Ayrıca bakınız: Ağustos ayında İngiliz bahçesi: açık günler, hasatlar ve yeni kelimelerGüneş bitkiler için kesinlikle temel bir unsurdur, sadece şunu düşünün ışık sayesinde klorofil fotosentezi gerçekleşir Bu nedenle hiçbir sebze bahçesi bitkisi onsuz yaşayamaz. Bununla birlikte, daha az maruz kalmaktan memnun olan mahsuller vardır, diğerleri ise yalnızca saatlerce doğrudan güneş ışığı aldıklarında en iyisini verirler.
Gölgeli bir arazide ne yetiştirilir
Kuzeye bakan bir arsanız veya sebze bahçenizin çitin gölge oluşturduğu bir bölümü varsa, oraya biber veya domates ekmeyin: güneş ışığı açısından daha az talepkar olan sebzeleri seçmek önemlidir.
Özellikle gölgeli bir yerle yetinebilecek marul, hindiba ve roka gibi salatalar vardır, ayrıca sarımsak, ıspanak, kaburga, otlar, rezene, havuç, kereviz, kabak ve kabak mutlaka tam güneş gerektirmez. Lahanalar arasında alabaş gölgeli alanlar için en uygun olanıdır.
Listelediğim bahçe bitkilerinden bazıları tam güneş altında daha iyi yetiştirilebilir, ancak biraz daha az zengin bir hasat ve biraz daha uzun bir olgunlaşma süresiyle yetinerek, kişi yine de bunları ekebilir ve böylece aksi takdirde ekilemeyecek olan araziyi kullanabilir.
Sebzelere ek olarak, aromatik bitkiler az güneş alan yerlerde yetiştirilebilir: kekik, adaçayı, nane, melisa, tarhun, maydanoz çok fazla zarar görmeyecektir. Bektaşi üzümü, kuş üzümü, yaban mersini, çilek gibi küçük meyveler yarı gölge konumlarda yetiştirilebilir: bu bitkilerin doğada 'çilek' olarak doğduğunu ve bu nedenle gölgede kalmaya alışkın olduklarını unutmayalım.daha büyük ağaçlar.
Gölgeli toprakları işlemek için birkaç ipucu
Asla tam gölgede değil. Bitkilerin ışığa ihtiyacı vardır: Toprak tamamen gölgede kalırsa, içinde kayda değer sonuçlarla sebze yetiştirmenin mümkün olmayacağını bilmelisiniz. Daha az talepkar sebze bahçesi bitkileri olduğunu gördük, ancak hepsinin günde en az 4 veya 5 saat güneş alması gerekir. Tamamen gölgede sebze yetiştirmek mümkün değildir.
Ekim yerine nakil. Bir bitkinin yaşamının ilk evresinde, tohum filizlenirken ve ardından küçük fide gelişirken, güneş ışığı çok önemlidir. Eksik olduğunda, genç fideler kötü gelişir: renklerini kaybederler, küçük yapraklar üretirler ve boyları ince olur; genellikle "bitkilerin döndüğü" söylenir. Bu nedenle onları düzgün bir tohum yatağında yetiştirmek daha iyidirve ekimden 45 ila 60 gün sonra orta gölge bölgeye nakledin. Bu, nakledildiğinde çok acı çeken bir sebze olan havuç için geçerli değildir.

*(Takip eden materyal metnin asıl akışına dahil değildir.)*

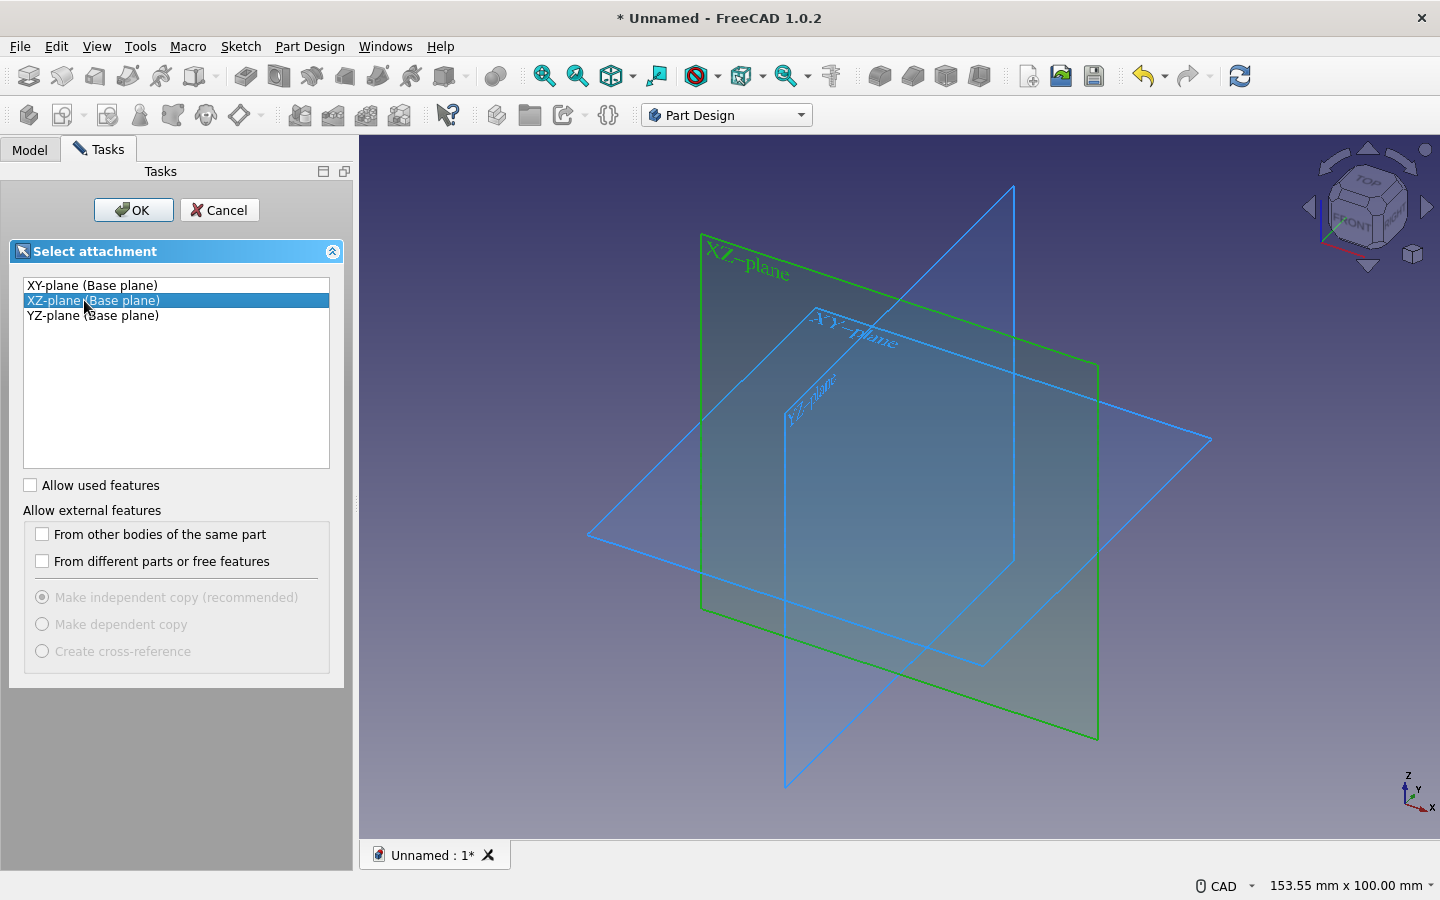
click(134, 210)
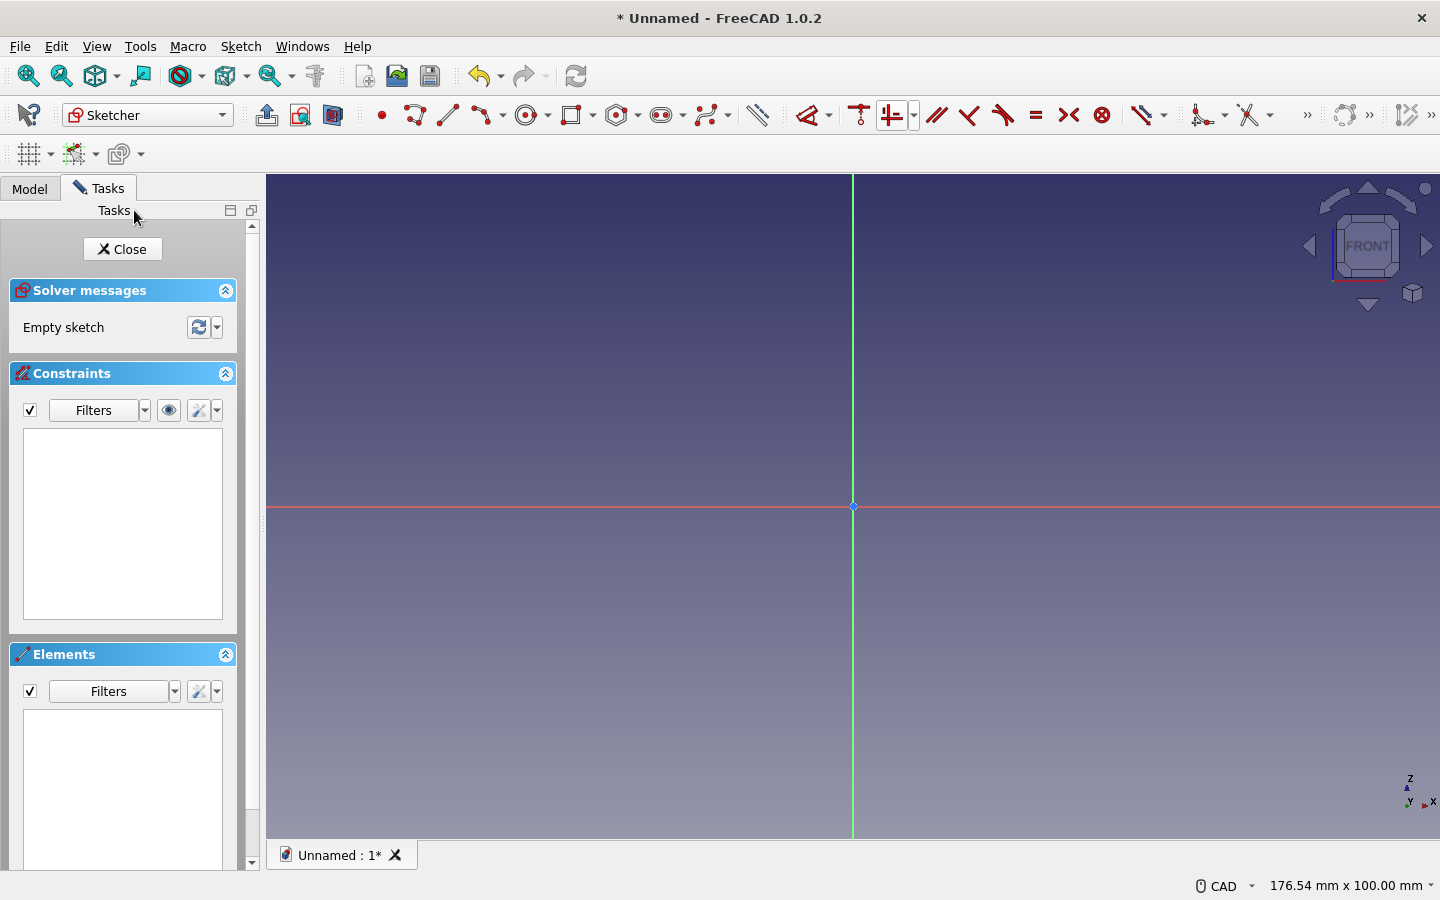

Soğuğa dikkat edin Güneş sadece ışık değil aynı zamanda sıcaklık da getirir, bu nedenle yarı gölgedeki toprak genellikle dona karşı daha hassastır, sıcaklıklar güneşli yerlere göre daha düşük olacaktır. Yetiştiriciliği planlarken, donun sebzeleri bozmaması için bu faktörü dikkate almak önemlidir.
Islaklığa dikkat edin Güneş ışığının azlığı daha az su buharlaşması anlamına gelir, bu nedenle gölgeli toprak daha ıslak kalma eğilimindedir. Bir yandan, sulamadan tasarruf sağladığı için bu iyidir, ancak aynı zamanda mantarlar, küf ve genel olarak hastalıklar için kolay bir üreme alanı olabilir. Bunu önlemek için, ekim sırasında toprak iyi işlenmeli, böylece iyi drene edilmeli ve yıl boyunca sık sık otlanmalıdır.böylece toprağı oksijenlendirir.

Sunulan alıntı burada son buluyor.